======== Data listing ========

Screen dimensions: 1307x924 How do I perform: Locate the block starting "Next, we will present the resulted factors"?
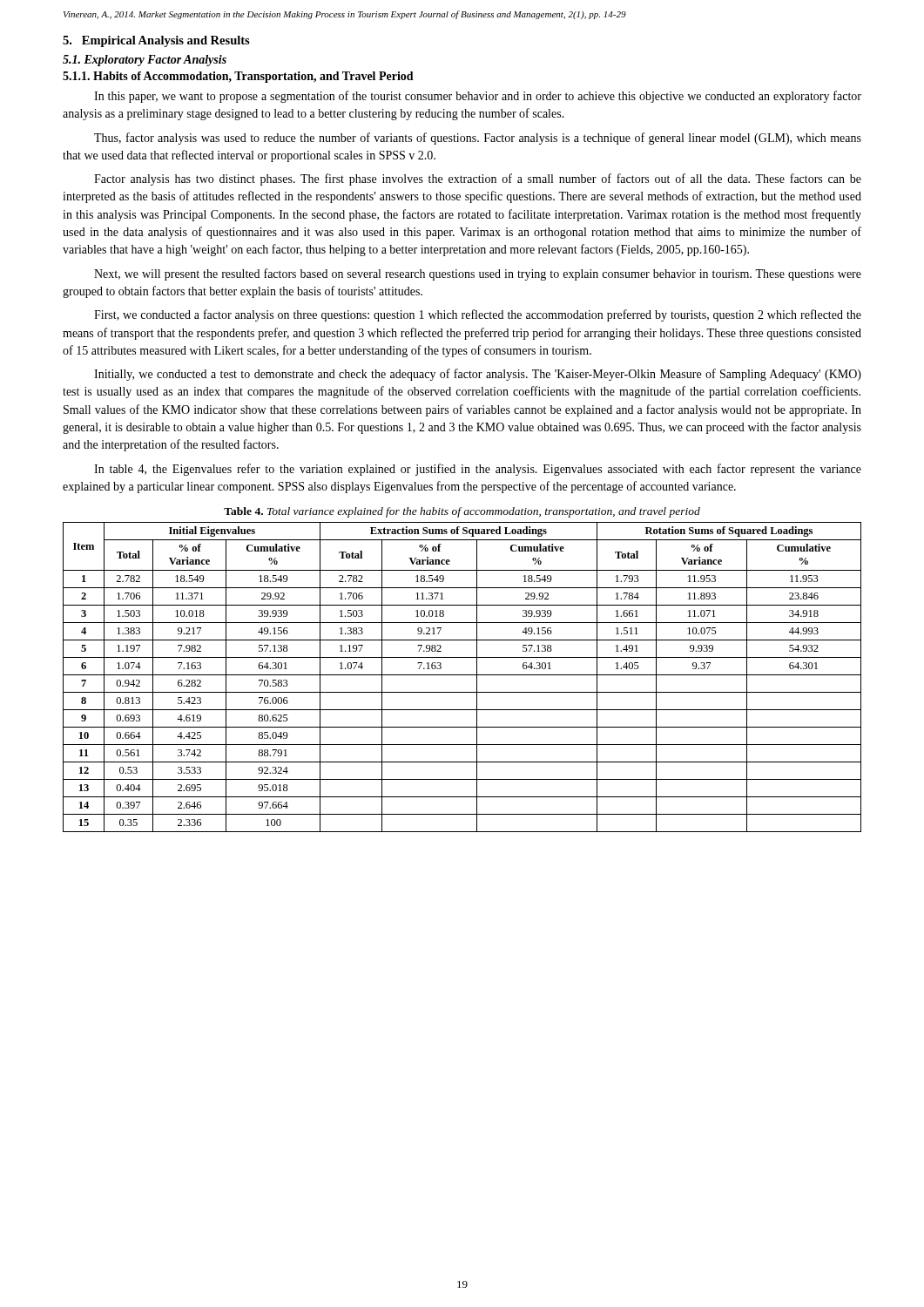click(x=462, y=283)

========
======== Data listing ========

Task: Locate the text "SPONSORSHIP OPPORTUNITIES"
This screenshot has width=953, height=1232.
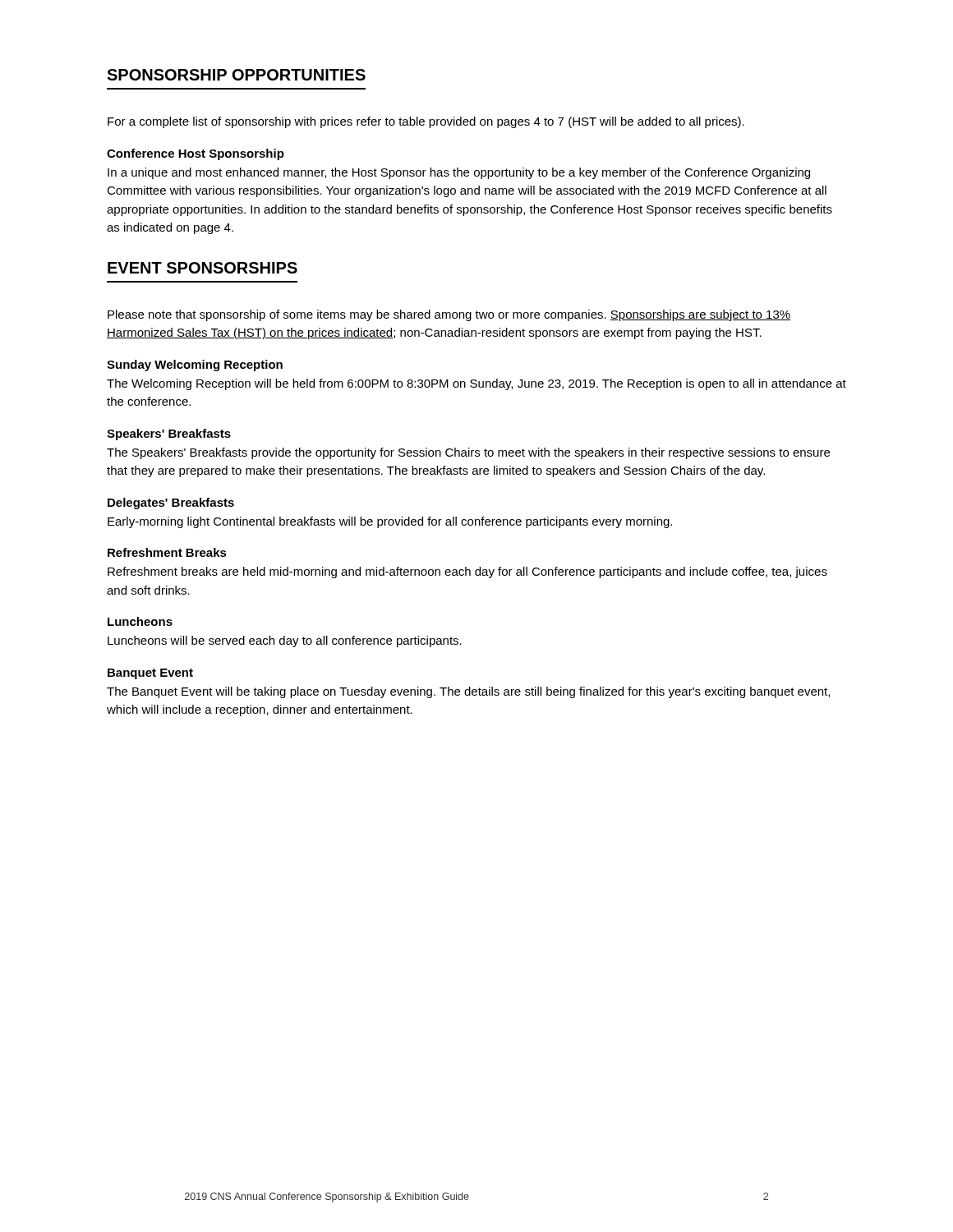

========
======== Data listing ========

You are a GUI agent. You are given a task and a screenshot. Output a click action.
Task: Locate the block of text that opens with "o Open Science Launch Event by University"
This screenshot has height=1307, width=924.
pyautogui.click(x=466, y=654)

========

Requirement: Lines containing the string "text" in the listing: say how many there are, giving only the number.

Finished task: 2